Minister of Trade, Industry and Cooperatives
- In office June 2026 – Incumbent
- President: Yoweri Museveni
- Preceded by: Francis Mwebesa

Member of Parliament for Tororo Municipality
- In office 2006–2016

Personal details
- Born: Sanjay Tanna April 27, 1973 (age 53) Uganda
- Citizenship: Uganda
- Relatives: Jayprakash ("Jay") Tanna (brother)
- Education: Kitante Primary School, Makerere College School
- Occupation: Businessman, politician
- Profession: Business executive
- Known for: Business, politics

= Sanjay Tanna =

Ugandan businessman and politician

Sanjay Tanna (born 27 April 1973) is a Ugandan businessman and politician serving as the Minister of Trade, Industry and Cooperatives in the 12th Parliament of Uganda since June 2026. He previously represented Tororo Municipality in the Parliament of Uganda from 2006 to 2016.

== Early life and education ==
Sanjay was born in Uganda on 27 April 1973 into a family involved in commerce.
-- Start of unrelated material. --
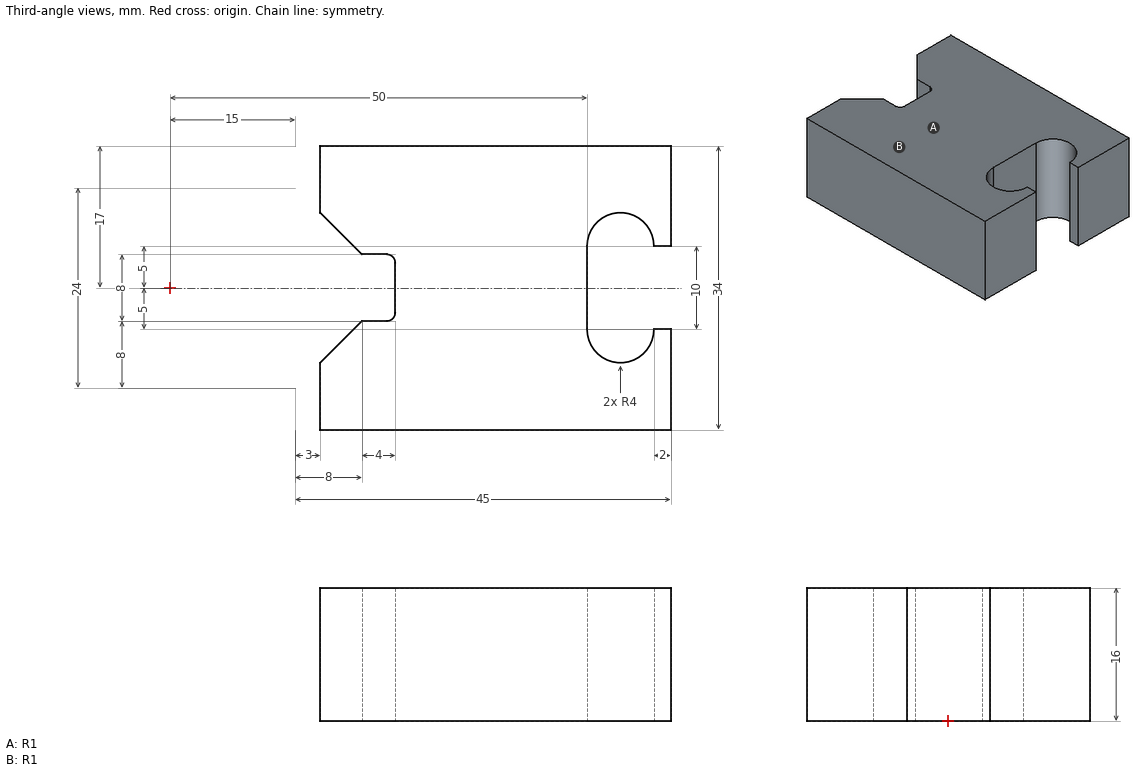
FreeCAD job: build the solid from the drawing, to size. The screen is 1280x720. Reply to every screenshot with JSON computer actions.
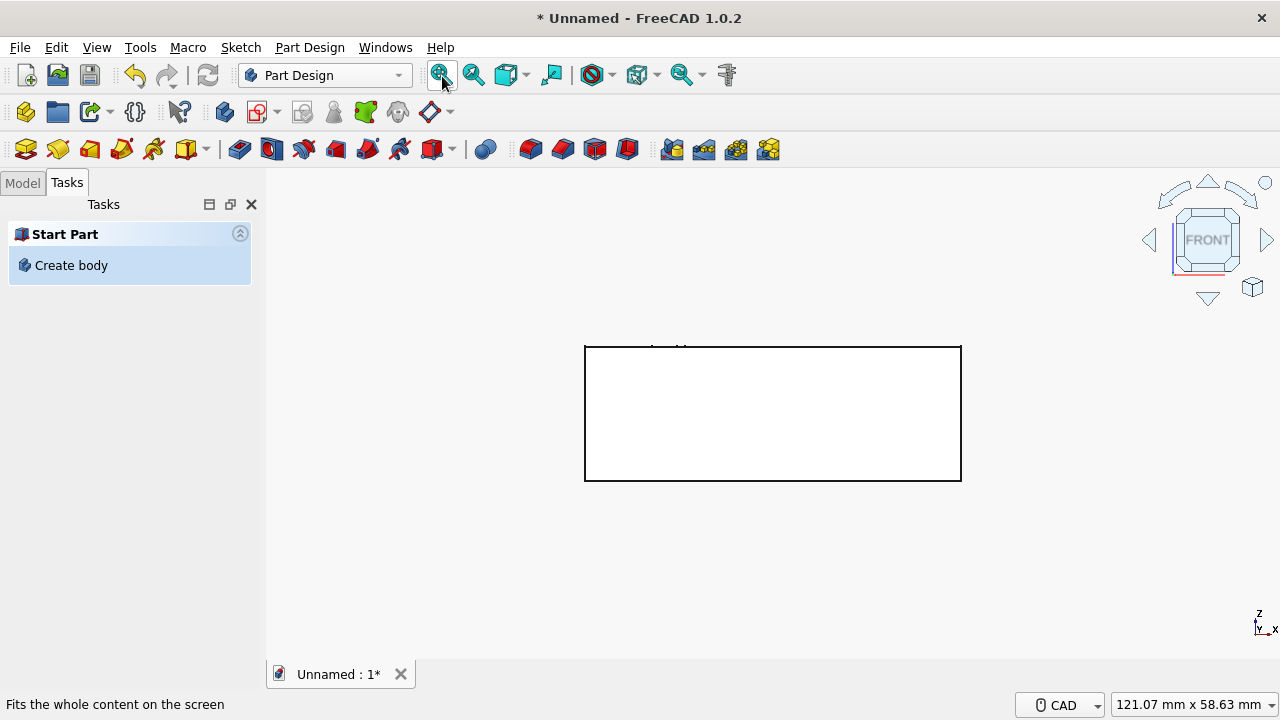
{"action": "key", "text": "3"}

He attended Kitante Primary School for his primary education and Makerere College School for his secondary school education.

== Business career ==
Following the death of his elder brother, Jayprakash ("Jay") Tanna, in 2003, he assumed a managerial role of the family's business interests, which include trading, manufacturing, agro-processing and real estate. The family business delt in groceries and household goods but Sanjay expanded into fuel distribution, manufacturing, agriculture, logistics, hospitality, telecommunications and regional trade.

== Political career ==
Sanjay was elected Member of Parliament for Tororo Municipality in the 2006 Ugandan general election. He was re-elected in 2011 and served until 2016.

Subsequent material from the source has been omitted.